Instructions to follow: All entries below must be retyped exactly, though pictures are to be skipped.

Extracted data entries:

--

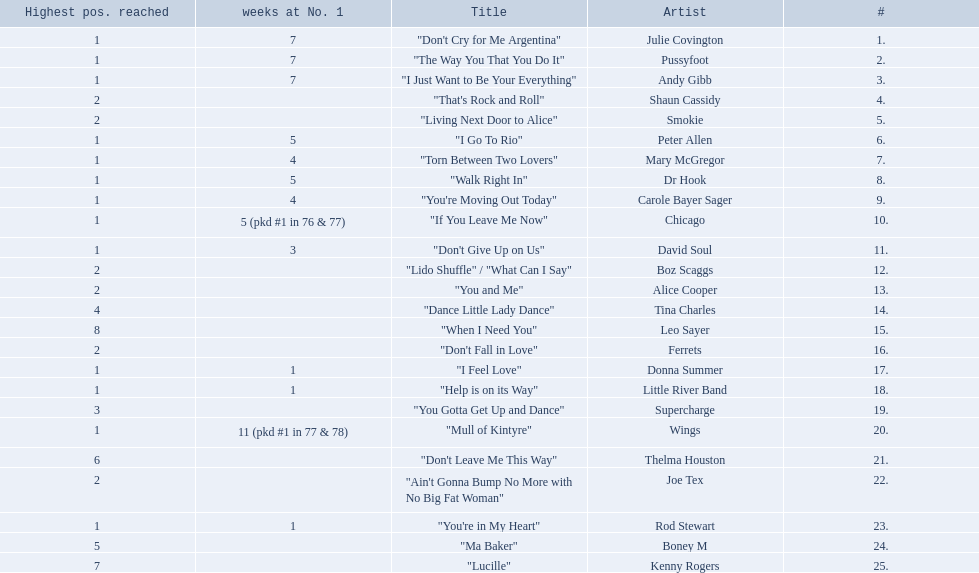How long is the longest amount of time spent at number 1? 11 (pkd #1 in 77 & 78). What song spent 11 weeks at number 1? "Mull of Kintyre". What band had a number 1 hit with this song? Wings. 
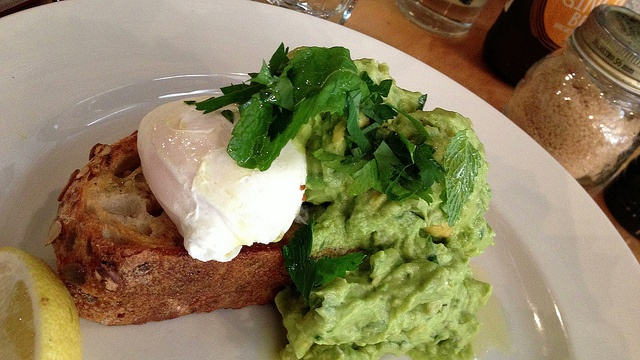Describe the objects in this image and their specific colors. I can see dining table in darkgray, black, and olive tones, bottle in black, maroon, gray, and tan tones, bottle in black, brown, maroon, and gray tones, cup in black, maroon, and gray tones, and cup in black, gray, olive, and darkgray tones in this image. 
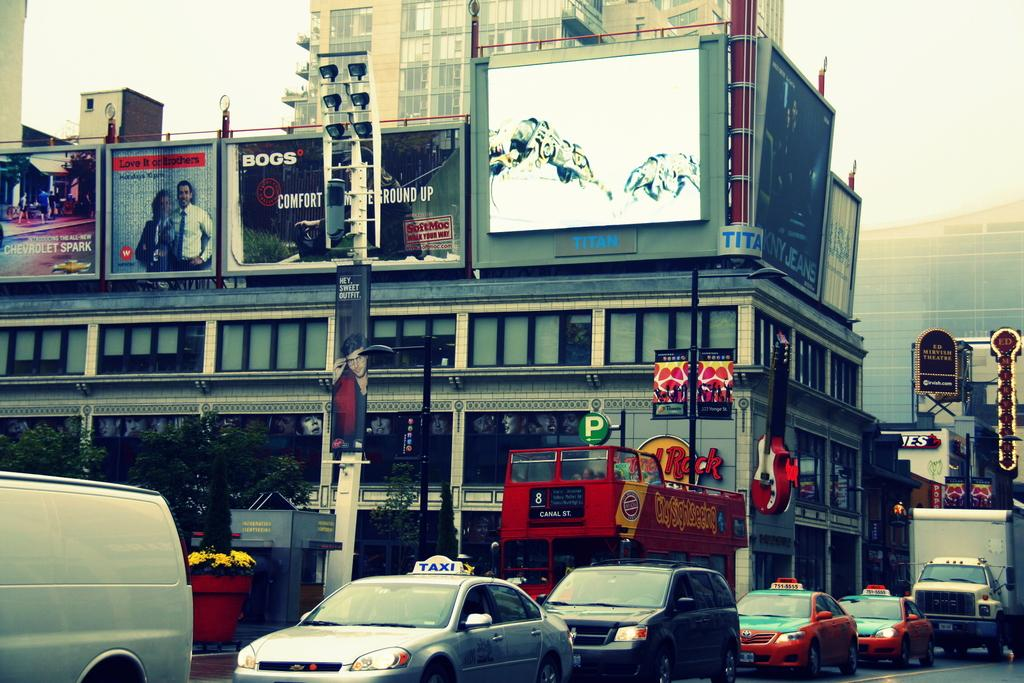<image>
Summarize the visual content of the image. the words round up are on the sign above the street 
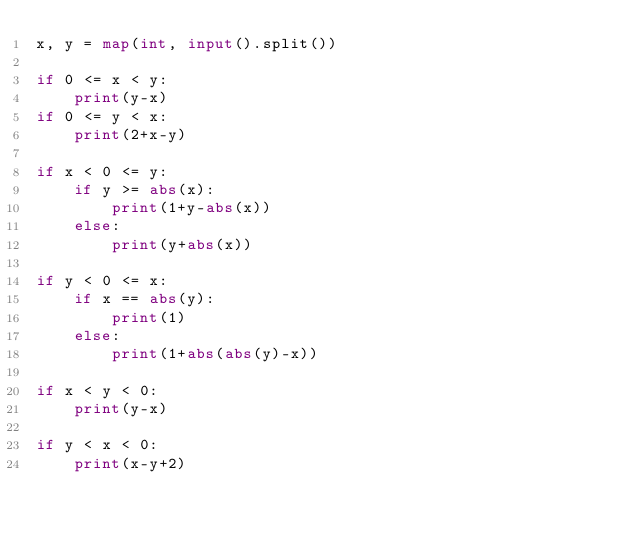Convert code to text. <code><loc_0><loc_0><loc_500><loc_500><_Python_>x, y = map(int, input().split())

if 0 <= x < y:
    print(y-x)
if 0 <= y < x:
    print(2+x-y)

if x < 0 <= y:
    if y >= abs(x):
        print(1+y-abs(x))
    else:
        print(y+abs(x))

if y < 0 <= x:
    if x == abs(y):
        print(1)
    else:
        print(1+abs(abs(y)-x))

if x < y < 0:
    print(y-x)

if y < x < 0:
    print(x-y+2)
</code>

--

Exercise response:
How long is the longest amount of time spent at number 1? 11 (pkd #1 in 77 & 78). What song spent 11 weeks at number 1? "Mull of Kintyre". What band had a number 1 hit with this song? Wings. 
Describe the objects in this image and their specific colors. I can see dining table in darkgray, black, and olive tones, bottle in black, maroon, gray, and tan tones, bottle in black, brown, maroon, and gray tones, cup in black, maroon, and gray tones, and cup in black, gray, olive, and darkgray tones in this image. 
<image>
Summarize the visual content of the image. the words round up are on the sign above the street 
Convert code to text. <code><loc_0><loc_0><loc_500><loc_500><_Python_>x, y = map(int, input().split())

if 0 <= x < y:
    print(y-x)
if 0 <= y < x:
    print(2+x-y)

if x < 0 <= y:
    if y >= abs(x):
        print(1+y-abs(x))
    else:
        print(y+abs(x))

if y < 0 <= x:
    if x == abs(y):
        print(1)
    else:
        print(1+abs(abs(y)-x))

if x < y < 0:
    print(y-x)

if y < x < 0:
    print(x-y+2)
</code>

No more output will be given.